Литмир - Электронная Библиотека
Содержание  
A
A

Первоначальная идея столика принадлежала Владимиру Ильичу, который со времени своего переезда в Петербург осенью 1893 года и начала нелегальной работы развивал мысль о необходимости каждому иметь у себя какое-нибудь потайное хранилище для нелегальщины. «Например, — говорил он, — круглый столик с выдолбленной ножкой».

В 1894–1895 годах он осуществил этот план, заказав в Петербурге через товарищей-рабочих, участвовавших в организации, такой столик. Его единственная толстая ножка, от которой шли, как обычно, три расходящиеся короткие ножки, была выдолблена. Точеная пуговица, которой оканчивалась ножка, отвертывалась, и в отверстие можно было засунуть довольно большой сверток.

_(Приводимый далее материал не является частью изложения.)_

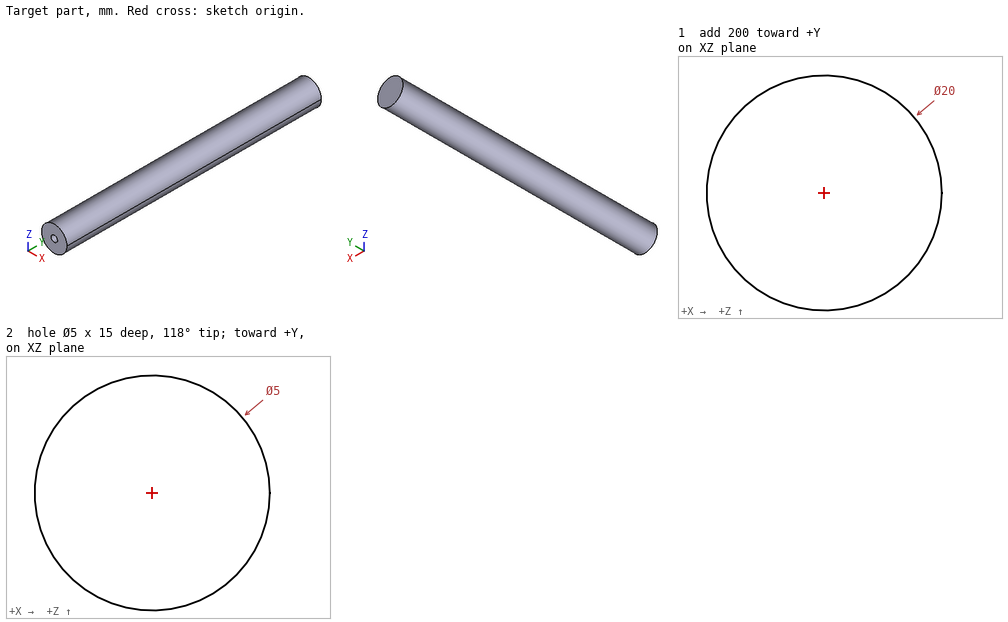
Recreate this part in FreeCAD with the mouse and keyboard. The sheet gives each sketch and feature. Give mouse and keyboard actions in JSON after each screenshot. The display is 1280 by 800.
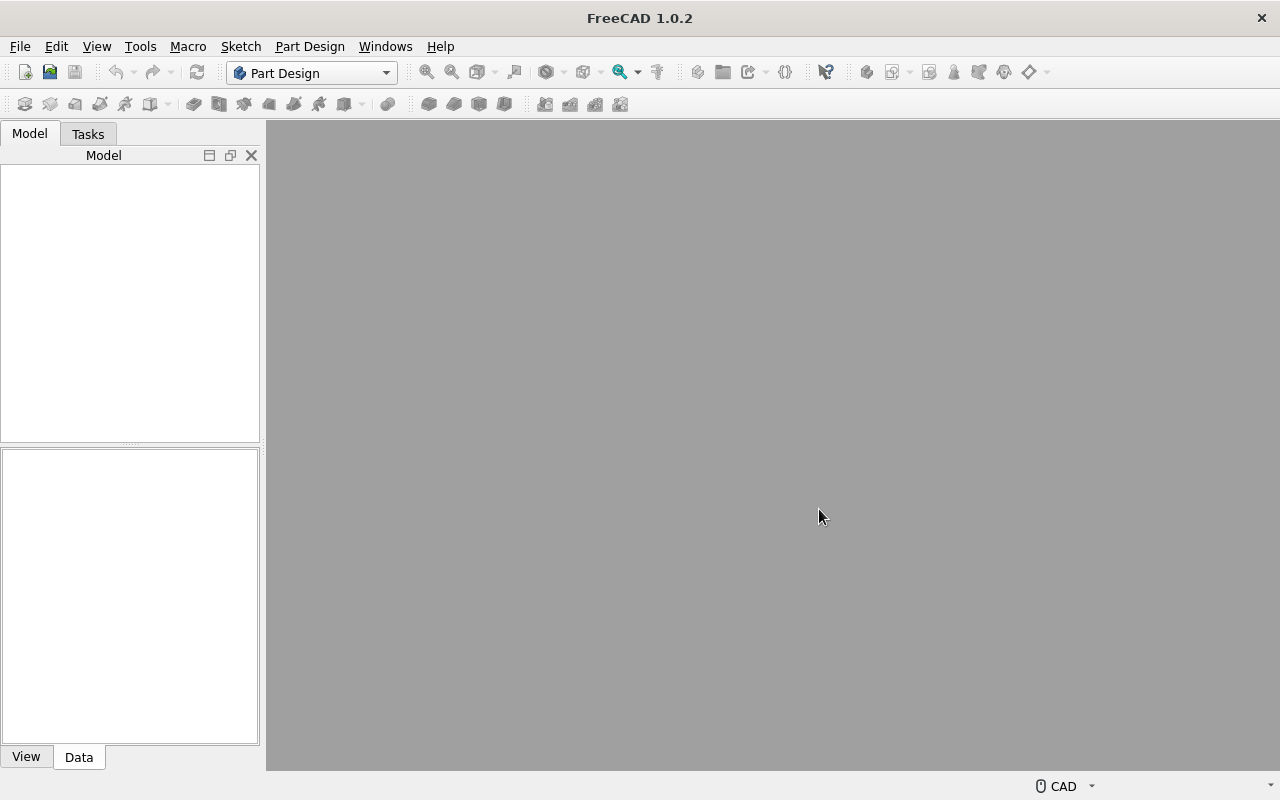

Столик выдержал свой первый экзамен в ночь ареста Владимира Ильича 9 декабря 1895 года. Полиция не проникла в его тайну, и ничего нелегального поэтому у Владимира Ильича взято не было. Он перешел затем во владение Надежды Константиновны и у нее оправдал себя, будучи перевезен ко мне ее матерью после ее ареста 9 августа 1896 года86 с содержимым: с переписанной частью объяснений к программе социал-демократической партии, которые Владимир Ильич посылал из тюрьмы написанными молоком между строк книги.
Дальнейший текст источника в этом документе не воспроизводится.